| Records provided |
▼

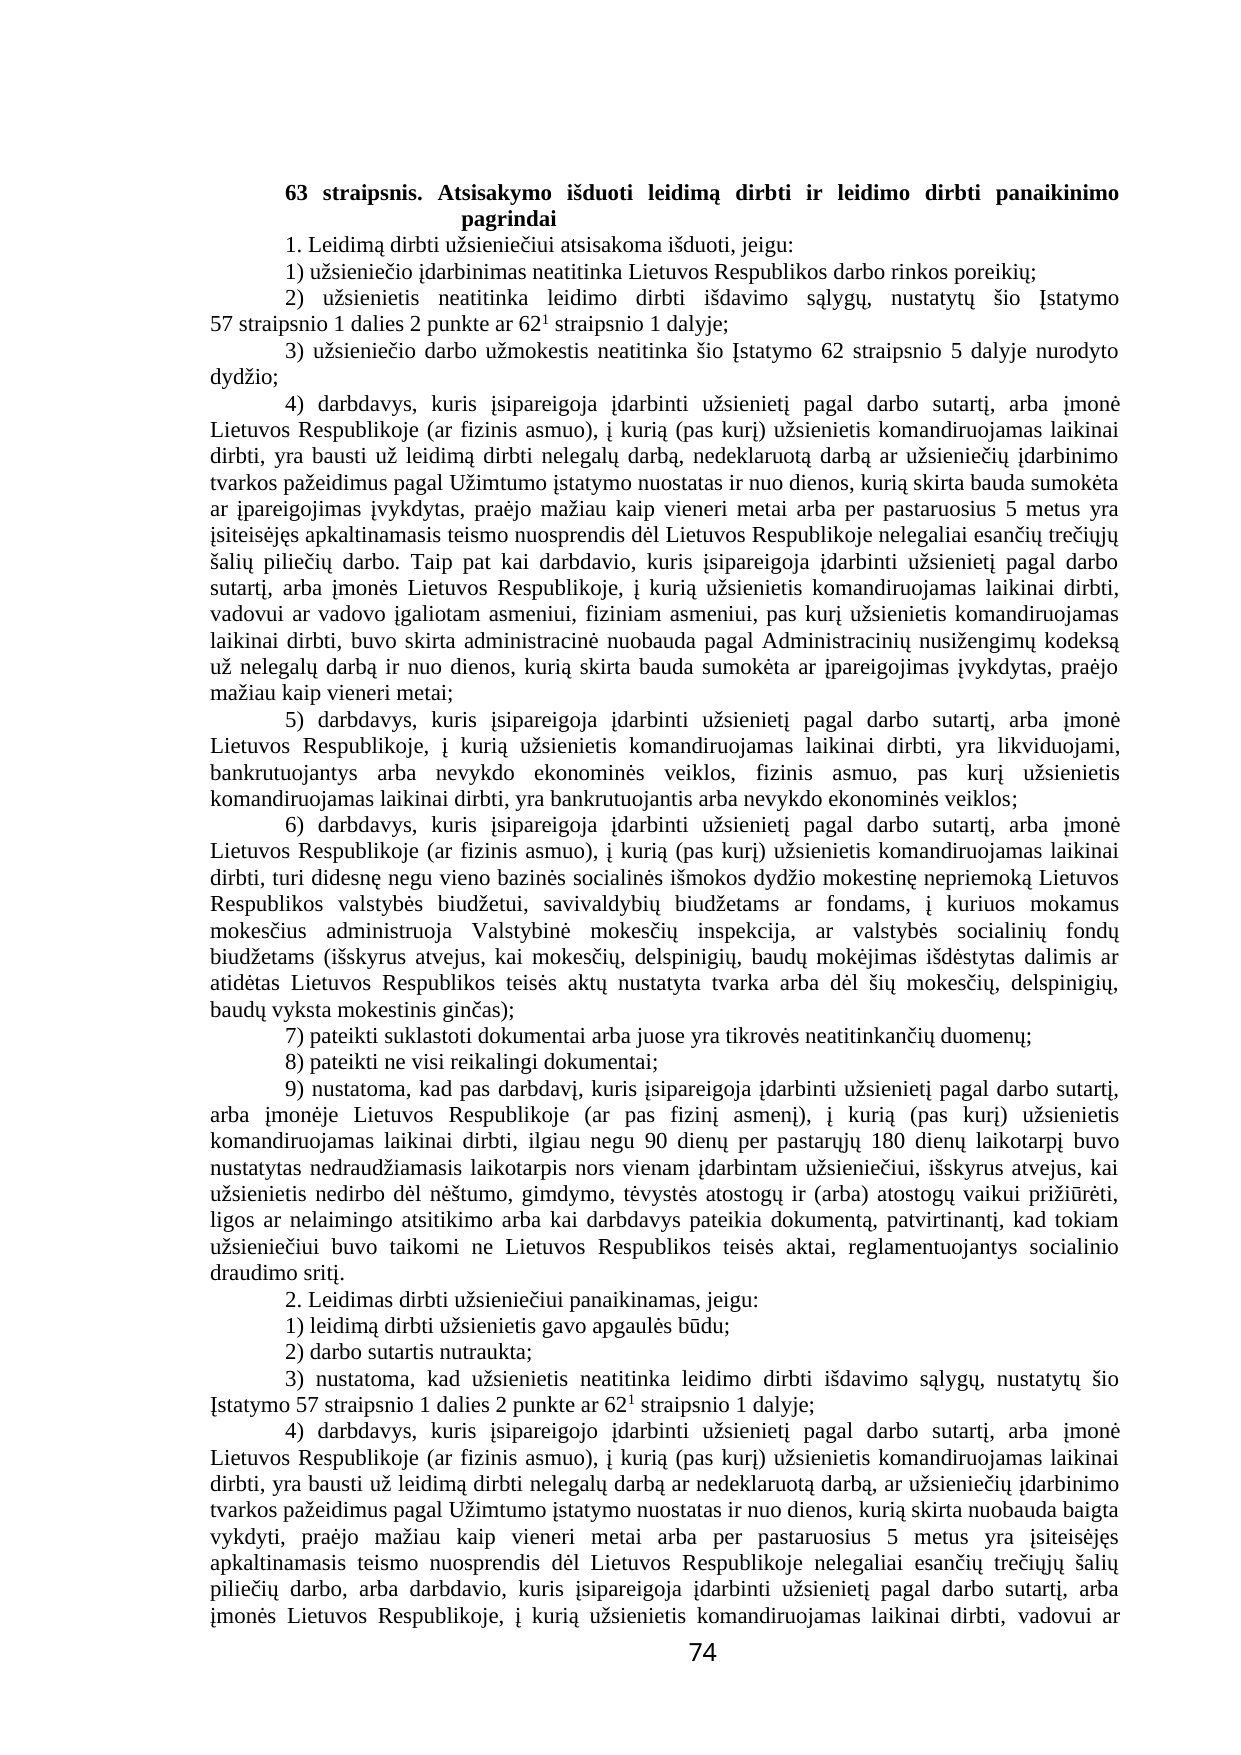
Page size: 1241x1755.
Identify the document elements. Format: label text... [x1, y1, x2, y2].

text 63 straipsnis. Atsisakymo išduoti leidimą dirbti ir leidimo dirbti panaikinimo pagrindai [285, 179, 1120, 231]
text 3) nustatoma, kad užsienietis neatitinka leidimo dirbti išdavimo sąlygų, nustatytų šio Įstatymo 57 straipsnio 1 dalies 2 punkte ar 621 straipsnio 1 dalyje; [210, 1365, 1120, 1417]
text 4) darbdavys, kuris įsipareigojo įdarbinti užsienietį pagal darbo sutartį, arba įmonė Lietuvos Respublikoje (ar fizinis asmuo), į kurią (pas kurį) užsienietis komandiruojamas laikinai dirbti, yra bausti už leidimą dirbti nelegalų darbą ar nedeklaruotą darbą, ar užsieniečių įdarbinimo tvarkos pažeidimus pagal Užimtumo įstatymo nuostatas ir nuo dienos, kurią skirta nuobauda baigta vykdyti, praėjo mažiau kaip vieneri metai arba per pastaruosius 5 metus yra įsiteisėjęs apkaltinamasis teismo nuosprendis dėl Lietuvos Respublikoje nelegaliai esančių trečiųjų šalių piliečių darbo, arba darbdavio, kuris įsipareigoja įdarbinti užsienietį pagal darbo sutartį, arba įmonės Lietuvos Respublikoje, į kurią užsienietis komandiruojamas laikinai dirbti, vadovui ar [210, 1417, 1120, 1628]
text 4) darbdavys, kuris įsipareigoja įdarbinti užsienietį pagal darbo sutartį, arba įmonė Lietuvos Respublikoje (ar fizinis asmuo), į kurią (pas kurį) užsienietis komandiruojamas laikinai dirbti, yra bausti už leidimą dirbti nelegalų darbą, nedeklaruotą darbą ar užsieniečių įdarbinimo tvarkos pažeidimus pagal Užimtumo įstatymo nuostatas ir nuo dienos, kurią skirta bauda sumokėta ar įpareigojimas įvykdytas, praėjo mažiau kaip vieneri metai arba per pastaruosius 5 metus yra įsiteisėjęs apkaltinamasis teismo nuosprendis dėl Lietuvos Respublikoje nelegaliai esančių trečiųjų šalių piliečių darbo. Taip pat kai darbdavio, kuris įsipareigoja įdarbinti užsienietį pagal darbo sutartį, arba įmonės Lietuvos Respublikoje, į kurią užsienietis komandiruojamas laikinai dirbti, vadovui ar vadovo įgaliotam asmeniui, fiziniam asmeniui, pas kurį užsienietis komandiruojamas laikinai dirbti, buvo skirta administracinė nuobauda pagal Administracinių nusižengimų kodeksą už nelegalų darbą ir nuo dienos, kurią skirta bauda sumokėta ar įpareigojimas įvykdytas, praėjo mažiau kaip vieneri metai; [210, 389, 1120, 706]
text 9) nustatoma, kad pas darbdavį, kuris įsipareigoja įdarbinti užsienietį pagal darbo sutartį, arba įmonėje Lietuvos Respublikoje (ar pas fizinį asmenį), į kurią (pas kurį) užsienietis komandiruojamas laikinai dirbti, ilgiau negu 90 dienų per pastarųjų 180 dienų laikotarpį buvo nustatytas nedraudžiamasis laikotarpis nors vienam įdarbintam užsieniečiui, išskyrus atvejus, kai užsienietis nedirbo dėl nėštumo, gimdymo, tėvystės atostogų ir (arba) atostogų vaikui prižiūrėti, ligos ar nelaimingo atsitikimo arba kai darbdavys pateikia dokumentą, patvirtinantį, kad tokiam užsieniečiui buvo taikomi ne Lietuvos Respublikos teisės aktai, reglamentuojantys socialinio draudimo sritį. [210, 1075, 1120, 1286]
text 1) užsieniečio įdarbinimas neatitinka Lietuvos Respublikos darbo rinkos poreikių; [210, 258, 1120, 284]
text 2) užsienietis neatitinka leidimo dirbti išdavimo sąlygų, nustatytų šio Įstatymo 57 straipsnio 1 dalies 2 punkte ar 621 straipsnio 1 dalyje; [210, 284, 1120, 337]
text 2. Leidimas dirbti užsieniečiui panaikinamas, jeigu: [210, 1286, 1120, 1312]
text 2) darbo sutartis nutraukta; [210, 1338, 1120, 1365]
text 8) pateikti ne visi reikalingi dokumentai; [210, 1048, 1120, 1075]
text 6) darbdavys, kuris įsipareigoja įdarbinti užsienietį pagal darbo sutartį, arba įmonė Lietuvos Respublikoje (ar fizinis asmuo), į kurią (pas kurį) užsienietis komandiruojamas laikinai dirbti, turi didesnę negu vieno bazinės socialinės išmokos dydžio mokestinę nepriemoką Lietuvos Respublikos valstybės biudžetui, savivaldybių biudžetams ar fondams, į kuriuos mokamus mokesčius administruoja Valstybinė mokesčių inspekcija, ar valstybės socialinių fondų biudžetams (išskyrus atvejus, kai mokesčių, delspinigių, baudų mokėjimas išdėstytas dalimis ar atidėtas Lietuvos Respublikos teisės aktų nustatyta tvarka arba dėl šių mokesčių, delspinigių, baudų vyksta mokestinis ginčas); [210, 811, 1120, 1022]
text 1) leidimą dirbti užsienietis gavo apgaulės būdu; [210, 1312, 1120, 1338]
text 1. Leidimą dirbti užsieniečiui atsisakoma išduoti, jeigu: [210, 231, 1120, 258]
text 7) pateikti suklastoti dokumentai arba juose yra tikrovės neatitinkančių duomenų; [210, 1022, 1120, 1048]
text 5) darbdavys, kuris įsipareigoja įdarbinti užsienietį pagal darbo sutartį, arba įmonė Lietuvos Respublikoje, į kurią užsienietis komandiruojamas laikinai dirbti, yra likviduojami, bankrutuojantys arba nevykdo ekonominės veiklos, fizinis asmuo, pas kurį užsienietis komandiruojamas laikinai dirbti, yra bankrutuojantis arba nevykdo ekonominės veiklos; [210, 706, 1120, 811]
text 3) užsieniečio darbo užmokestis neatitinka šio Įstatymo 62 straipsnio 5 dalyje nurodyto dydžio; [210, 337, 1120, 389]
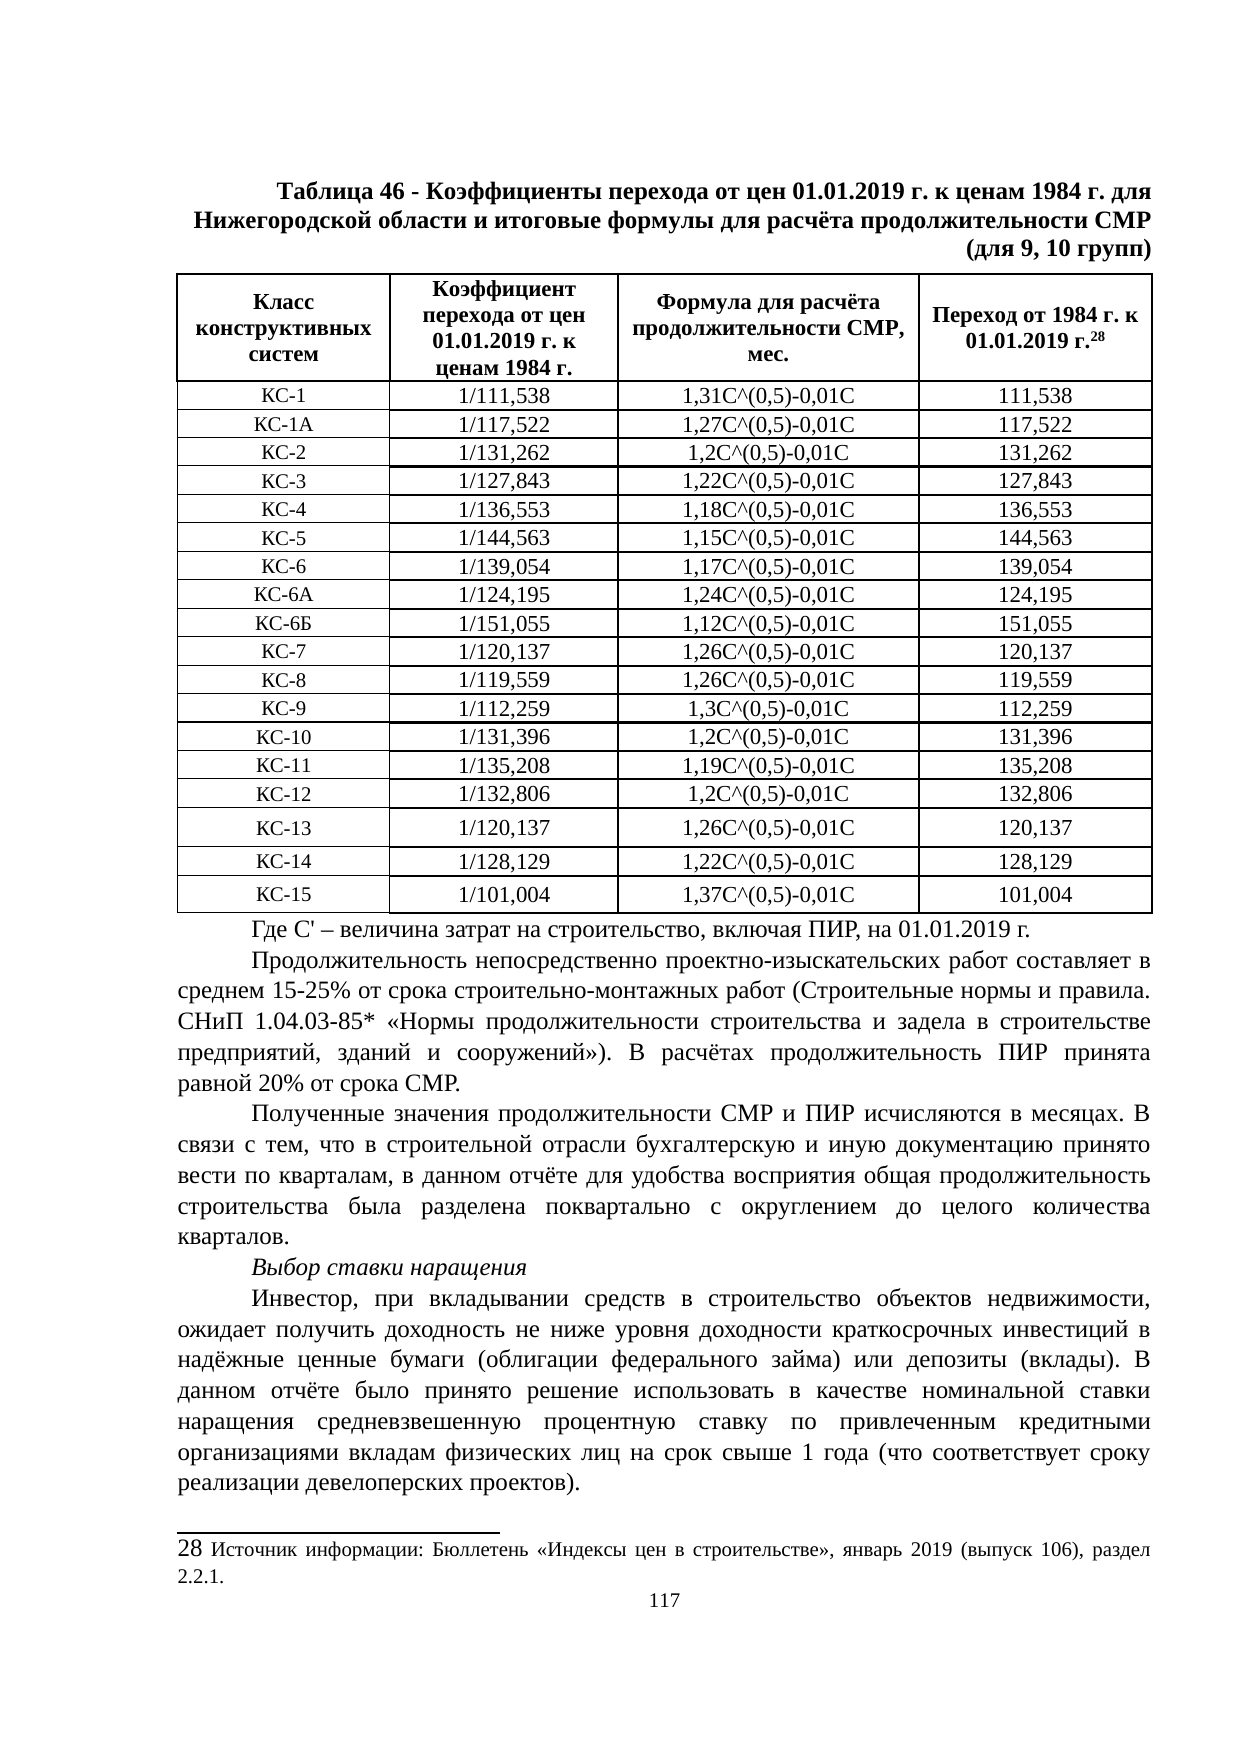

▲

Within the listing above, extract exactly the lines from the line with "text 1. Leidimą" to the line with "text 7) pateikti", the two named lines included, and no others.

text 1. Leidimą dirbti užsieniečiui atsisakoma išduoti, jeigu: [210, 231, 1120, 258]
text 7) pateikti suklastoti dokumentai arba juose yra tikrovės neatitinkančių duomenų; [210, 1022, 1120, 1048]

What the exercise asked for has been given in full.